The task: The goal is to restate all of the records below word for word.

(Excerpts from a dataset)
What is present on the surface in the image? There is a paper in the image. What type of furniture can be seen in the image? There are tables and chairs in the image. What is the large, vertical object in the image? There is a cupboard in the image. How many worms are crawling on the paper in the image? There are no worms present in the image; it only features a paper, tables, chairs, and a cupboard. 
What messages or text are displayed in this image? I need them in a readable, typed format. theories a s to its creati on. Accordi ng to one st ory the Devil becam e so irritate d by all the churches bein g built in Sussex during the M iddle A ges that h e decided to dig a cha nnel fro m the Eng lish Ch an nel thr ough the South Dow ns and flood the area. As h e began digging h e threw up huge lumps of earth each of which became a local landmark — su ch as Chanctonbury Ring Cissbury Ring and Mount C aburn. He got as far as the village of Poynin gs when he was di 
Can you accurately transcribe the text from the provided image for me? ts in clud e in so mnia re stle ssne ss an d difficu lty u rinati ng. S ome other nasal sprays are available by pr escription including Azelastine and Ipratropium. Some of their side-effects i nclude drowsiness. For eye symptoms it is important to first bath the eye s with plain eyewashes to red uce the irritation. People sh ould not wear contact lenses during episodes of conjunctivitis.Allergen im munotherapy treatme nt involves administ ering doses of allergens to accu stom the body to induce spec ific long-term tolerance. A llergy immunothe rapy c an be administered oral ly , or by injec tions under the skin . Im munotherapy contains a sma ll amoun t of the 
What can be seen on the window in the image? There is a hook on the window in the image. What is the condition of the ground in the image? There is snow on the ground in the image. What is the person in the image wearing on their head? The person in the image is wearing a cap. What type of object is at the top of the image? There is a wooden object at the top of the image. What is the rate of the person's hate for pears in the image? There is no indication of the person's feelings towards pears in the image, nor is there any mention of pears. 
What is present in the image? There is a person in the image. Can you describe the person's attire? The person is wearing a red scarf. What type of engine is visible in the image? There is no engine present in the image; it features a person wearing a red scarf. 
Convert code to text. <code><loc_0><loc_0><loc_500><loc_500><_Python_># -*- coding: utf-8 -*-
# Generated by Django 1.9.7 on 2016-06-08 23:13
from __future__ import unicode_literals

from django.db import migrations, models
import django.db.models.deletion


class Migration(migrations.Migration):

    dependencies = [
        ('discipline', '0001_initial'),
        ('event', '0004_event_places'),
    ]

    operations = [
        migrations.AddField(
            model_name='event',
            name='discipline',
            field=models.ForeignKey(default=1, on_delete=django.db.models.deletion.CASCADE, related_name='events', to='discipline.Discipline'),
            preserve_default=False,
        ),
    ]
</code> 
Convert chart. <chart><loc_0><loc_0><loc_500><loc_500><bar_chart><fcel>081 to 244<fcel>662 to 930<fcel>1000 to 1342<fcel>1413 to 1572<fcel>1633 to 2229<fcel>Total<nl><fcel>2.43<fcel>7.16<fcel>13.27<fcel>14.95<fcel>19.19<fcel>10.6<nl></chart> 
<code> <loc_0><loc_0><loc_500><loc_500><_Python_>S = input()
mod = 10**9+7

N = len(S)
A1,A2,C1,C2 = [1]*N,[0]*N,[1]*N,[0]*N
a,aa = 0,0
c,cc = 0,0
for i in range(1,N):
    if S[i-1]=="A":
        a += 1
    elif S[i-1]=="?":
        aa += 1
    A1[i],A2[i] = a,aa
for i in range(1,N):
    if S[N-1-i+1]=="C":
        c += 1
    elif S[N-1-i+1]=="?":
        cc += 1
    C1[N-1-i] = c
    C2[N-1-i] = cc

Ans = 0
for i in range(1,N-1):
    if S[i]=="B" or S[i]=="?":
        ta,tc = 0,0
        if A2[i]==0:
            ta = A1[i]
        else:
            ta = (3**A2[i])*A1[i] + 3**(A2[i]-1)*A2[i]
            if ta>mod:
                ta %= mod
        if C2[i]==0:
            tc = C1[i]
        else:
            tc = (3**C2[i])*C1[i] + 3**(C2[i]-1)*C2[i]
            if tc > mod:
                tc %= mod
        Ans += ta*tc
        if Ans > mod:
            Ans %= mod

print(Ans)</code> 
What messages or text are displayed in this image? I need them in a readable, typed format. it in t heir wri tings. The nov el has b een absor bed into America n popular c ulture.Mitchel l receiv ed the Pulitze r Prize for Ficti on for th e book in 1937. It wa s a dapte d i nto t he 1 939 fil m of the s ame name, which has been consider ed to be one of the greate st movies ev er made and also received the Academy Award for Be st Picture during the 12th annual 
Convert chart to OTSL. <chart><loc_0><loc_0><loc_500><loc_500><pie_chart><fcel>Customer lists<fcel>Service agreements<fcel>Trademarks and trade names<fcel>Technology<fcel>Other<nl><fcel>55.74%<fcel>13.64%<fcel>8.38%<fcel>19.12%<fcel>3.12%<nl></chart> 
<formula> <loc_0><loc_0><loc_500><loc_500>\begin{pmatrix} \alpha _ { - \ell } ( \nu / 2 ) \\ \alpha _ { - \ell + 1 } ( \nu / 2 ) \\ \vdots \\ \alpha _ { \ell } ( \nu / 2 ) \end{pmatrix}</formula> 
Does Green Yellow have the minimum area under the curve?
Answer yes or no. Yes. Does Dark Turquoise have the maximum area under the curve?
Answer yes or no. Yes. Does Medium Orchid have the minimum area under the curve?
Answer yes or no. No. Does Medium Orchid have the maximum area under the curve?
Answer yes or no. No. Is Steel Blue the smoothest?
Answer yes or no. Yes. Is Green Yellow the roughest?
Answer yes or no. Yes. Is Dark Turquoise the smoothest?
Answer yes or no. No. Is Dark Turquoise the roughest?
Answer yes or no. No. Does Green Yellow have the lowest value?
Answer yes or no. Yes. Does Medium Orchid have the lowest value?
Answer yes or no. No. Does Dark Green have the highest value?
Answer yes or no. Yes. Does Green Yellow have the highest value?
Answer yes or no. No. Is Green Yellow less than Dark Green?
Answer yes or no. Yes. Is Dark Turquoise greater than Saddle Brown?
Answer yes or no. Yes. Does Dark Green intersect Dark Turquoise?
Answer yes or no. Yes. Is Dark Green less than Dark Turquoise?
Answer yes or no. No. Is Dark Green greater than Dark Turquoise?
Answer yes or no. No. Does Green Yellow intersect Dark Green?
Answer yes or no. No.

Written solution:
What is present on the surface in the image? There is a paper in the image. What type of furniture can be seen in the image? There are tables and chairs in the image. What is the large, vertical object in the image? There is a cupboard in the image. How many worms are crawling on the paper in the image? There are no worms present in the image; it only features a paper, tables, chairs, and a cupboard. 
What messages or text are displayed in this image? I need them in a readable, typed format. theories a s to its creati on. Accordi ng to one st ory the Devil becam e so irritate d by all the churches bein g built in Sussex during the M iddle A ges that h e decided to dig a cha nnel fro m the Eng lish Ch an nel thr ough the South Dow ns and flood the area. As h e began digging h e threw up huge lumps of earth each of which became a local landmark — su ch as Chanctonbury Ring Cissbury Ring and Mount C aburn. He got as far as the village of Poynin gs when he was di 
Can you accurately transcribe the text from the provided image for me? ts in clud e in so mnia re stle ssne ss an d difficu lty u rinati ng. S ome other nasal sprays are available by pr escription including Azelastine and Ipratropium. Some of their side-effects i nclude drowsiness. For eye symptoms it is important to first bath the eye s with plain eyewashes to red uce the irritation. People sh ould not wear contact lenses during episodes of conjunctivitis.Allergen im munotherapy treatme nt involves administ ering doses of allergens to accu stom the body to induce spec ific long-term tolerance. A llergy immunothe rapy c an be administered oral ly , or by injec tions under the skin . Im munotherapy contains a sma ll amoun t of the 
What can be seen on the window in the image? There is a hook on the window in the image. What is the condition of the ground in the image? There is snow on the ground in the image. What is the person in the image wearing on their head? The person in the image is wearing a cap. What type of object is at the top of the image? There is a wooden object at the top of the image. What is the rate of the person's hate for pears in the image? There is no indication of the person's feelings towards pears in the image, nor is there any mention of pears. 
What is present in the image? There is a person in the image. Can you describe the person's attire? The person is wearing a red scarf. What type of engine is visible in the image? There is no engine present in the image; it features a person wearing a red scarf. 
Convert code to text. <code><loc_0><loc_0><loc_500><loc_500><_Python_># -*- coding: utf-8 -*-
# Generated by Django 1.9.7 on 2016-06-08 23:13
from __future__ import unicode_literals

from django.db import migrations, models
import django.db.models.deletion


class Migration(migrations.Migration):

    dependencies = [
        ('discipline', '0001_initial'),
        ('event', '0004_event_places'),
    ]

    operations = [
        migrations.AddField(
            model_name='event',
            name='discipline',
            field=models.ForeignKey(default=1, on_delete=django.db.models.deletion.CASCADE, related_name='events', to='discipline.Discipline'),
            preserve_default=False,
        ),
    ]
</code> 
Convert chart. <chart><loc_0><loc_0><loc_500><loc_500><bar_chart><fcel>081 to 244<fcel>662 to 930<fcel>1000 to 1342<fcel>1413 to 1572<fcel>1633 to 2229<fcel>Total<nl><fcel>2.43<fcel>7.16<fcel>13.27<fcel>14.95<fcel>19.19<fcel>10.6<nl></chart> 
<code> <loc_0><loc_0><loc_500><loc_500><_Python_>S = input()
mod = 10**9+7

N = len(S)
A1,A2,C1,C2 = [1]*N,[0]*N,[1]*N,[0]*N
a,aa = 0,0
c,cc = 0,0
for i in range(1,N):
    if S[i-1]=="A":
        a += 1
    elif S[i-1]=="?":
        aa += 1
    A1[i],A2[i] = a,aa
for i in range(1,N):
    if S[N-1-i+1]=="C":
        c += 1
    elif S[N-1-i+1]=="?":
        cc += 1
    C1[N-1-i] = c
    C2[N-1-i] = cc

Ans = 0
for i in range(1,N-1):
    if S[i]=="B" or S[i]=="?":
        ta,tc = 0,0
        if A2[i]==0:
            ta = A1[i]
        else:
            ta = (3**A2[i])*A1[i] + 3**(A2[i]-1)*A2[i]
            if ta>mod:
                ta %= mod
        if C2[i]==0:
            tc = C1[i]
        else:
            tc = (3**C2[i])*C1[i] + 3**(C2[i]-1)*C2[i]
            if tc > mod:
                tc %= mod
        Ans += ta*tc
        if Ans > mod:
            Ans %= mod

print(Ans)</code> 
What messages or text are displayed in this image? I need them in a readable, typed format. it in t heir wri tings. The nov el has b een absor bed into America n popular c ulture.Mitchel l receiv ed the Pulitze r Prize for Ficti on for th e book in 1937. It wa s a dapte d i nto t he 1 939 fil m of the s ame name, which has been consider ed to be one of the greate st movies ev er made and also received the Academy Award for Be st Picture during the 12th annual 
Convert chart to OTSL. <chart><loc_0><loc_0><loc_500><loc_500><pie_chart><fcel>Customer lists<fcel>Service agreements<fcel>Trademarks and trade names<fcel>Technology<fcel>Other<nl><fcel>55.74%<fcel>13.64%<fcel>8.38%<fcel>19.12%<fcel>3.12%<nl></chart> 
<formula> <loc_0><loc_0><loc_500><loc_500>\begin{pmatrix} \alpha _ { - \ell } ( \nu / 2 ) \\ \alpha _ { - \ell + 1 } ( \nu / 2 ) \\ \vdots \\ \alpha _ { \ell } ( \nu / 2 ) \end{pmatrix}</formula> 
Does Green Yellow have the minimum area under the curve?
Answer yes or no. Yes. Does Dark Turquoise have the maximum area under the curve?
Answer yes or no. Yes. Does Medium Orchid have the minimum area under the curve?
Answer yes or no. No. Does Medium Orchid have the maximum area under the curve?
Answer yes or no. No. Is Steel Blue the smoothest?
Answer yes or no. Yes. Is Green Yellow the roughest?
Answer yes or no. Yes. Is Dark Turquoise the smoothest?
Answer yes or no. No. Is Dark Turquoise the roughest?
Answer yes or no. No. Does Green Yellow have the lowest value?
Answer yes or no. Yes. Does Medium Orchid have the lowest value?
Answer yes or no. No. Does Dark Green have the highest value?
Answer yes or no. Yes. Does Green Yellow have the highest value?
Answer yes or no. No. Is Green Yellow less than Dark Green?
Answer yes or no. Yes. Is Dark Turquoise greater than Saddle Brown?
Answer yes or no. Yes. Does Dark Green intersect Dark Turquoise?
Answer yes or no. Yes. Is Dark Green less than Dark Turquoise?
Answer yes or no. No. Is Dark Green greater than Dark Turquoise?
Answer yes or no. No. Does Green Yellow intersect Dark Green?
Answer yes or no. No.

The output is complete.